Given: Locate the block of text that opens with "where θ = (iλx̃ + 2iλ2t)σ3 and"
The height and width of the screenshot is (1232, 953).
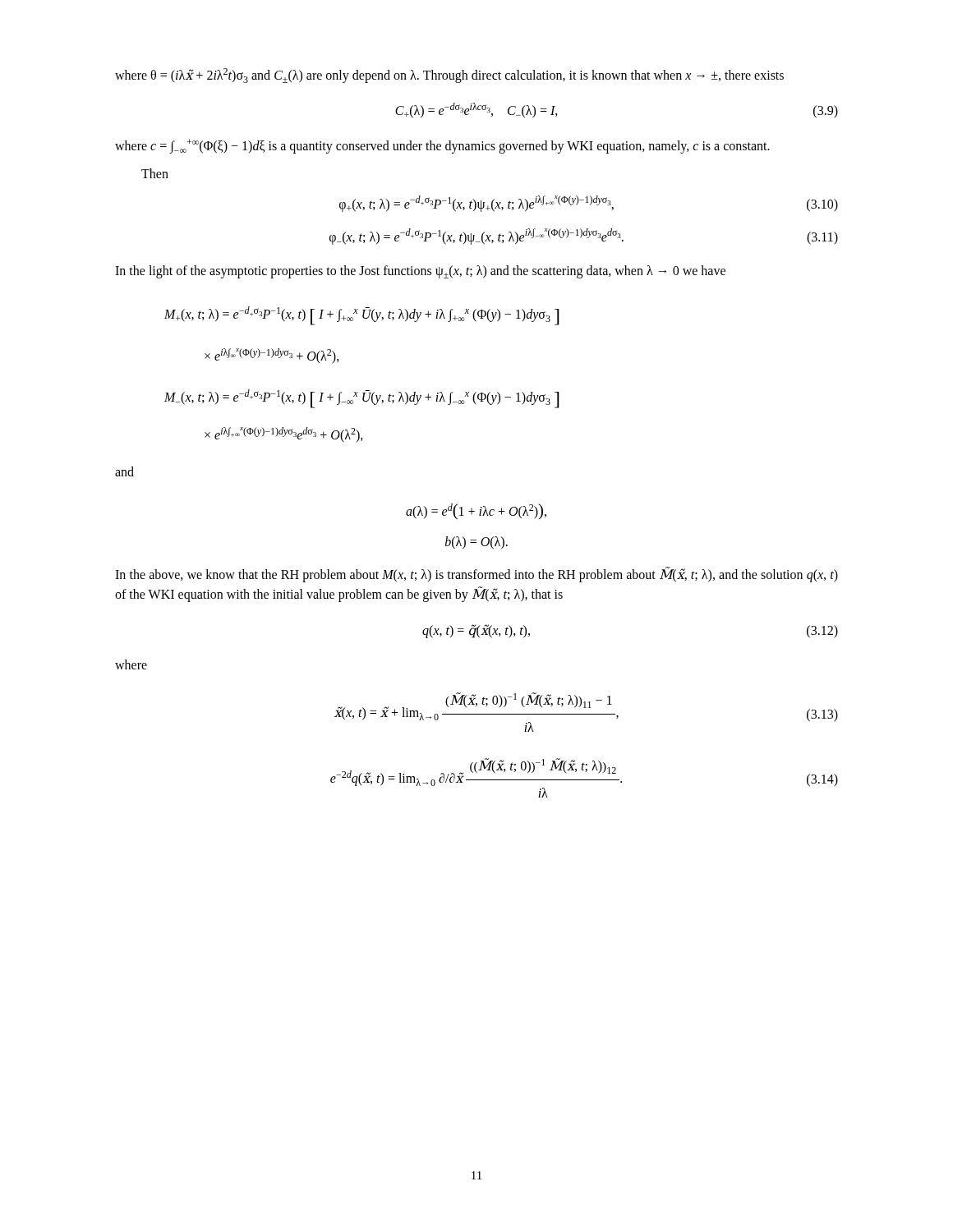Looking at the screenshot, I should click(450, 76).
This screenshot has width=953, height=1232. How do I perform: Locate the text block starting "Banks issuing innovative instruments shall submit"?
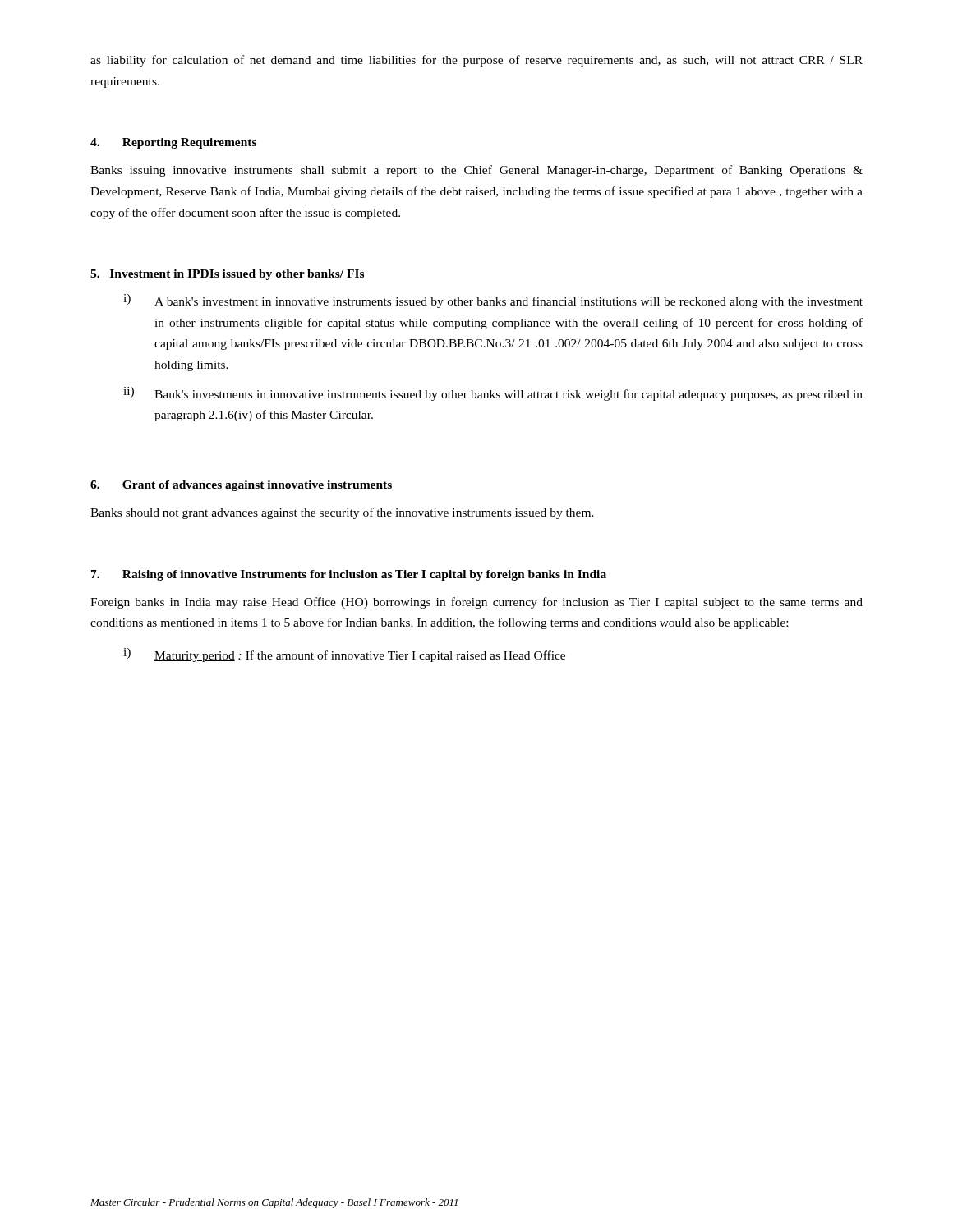point(476,191)
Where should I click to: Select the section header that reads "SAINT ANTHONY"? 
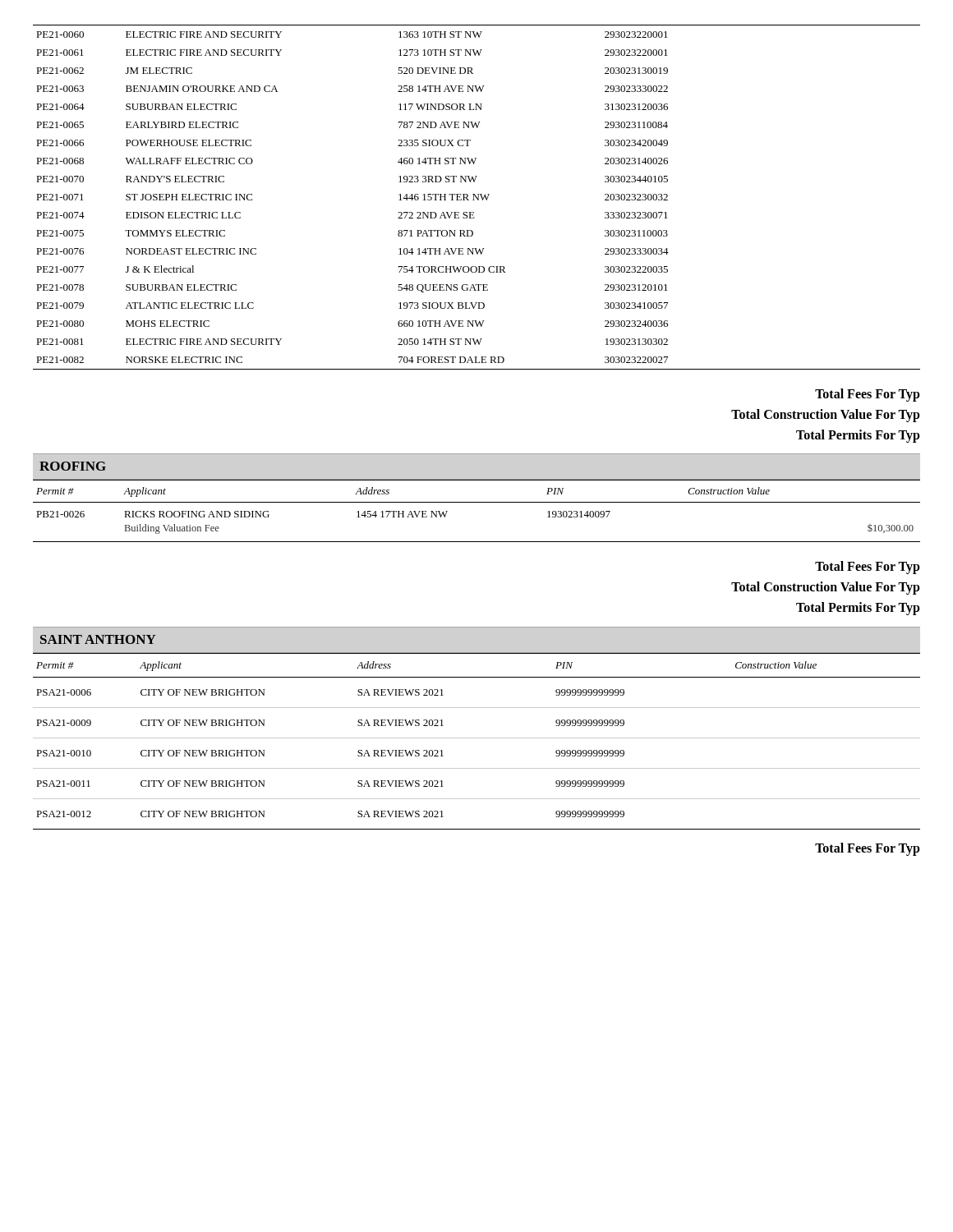pos(98,639)
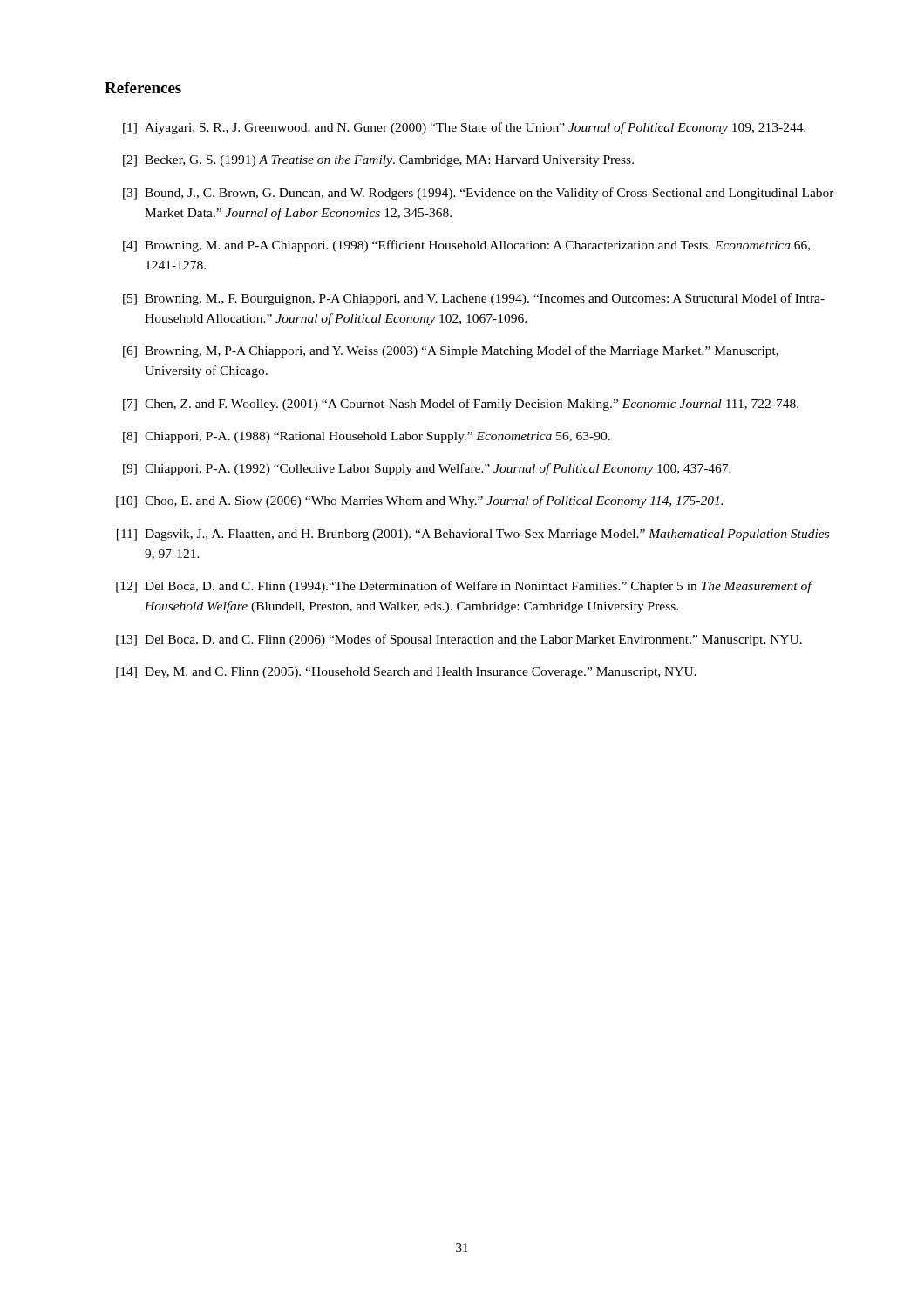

++++++++

● TASK TO CARRY OUT:
Please return, exactly and with pictures omitted, the lines from the line holding "This screenshot has" through the end of the data above, inclusive.

● RESPONSE:
This screenshot has width=953, height=1232. How do I perform: Locate the text block starting "Banks issuing innovative instruments shall submit"?
point(476,191)
Where should I click to: Select the section header that reads "SAINT ANTHONY"? 
pos(98,639)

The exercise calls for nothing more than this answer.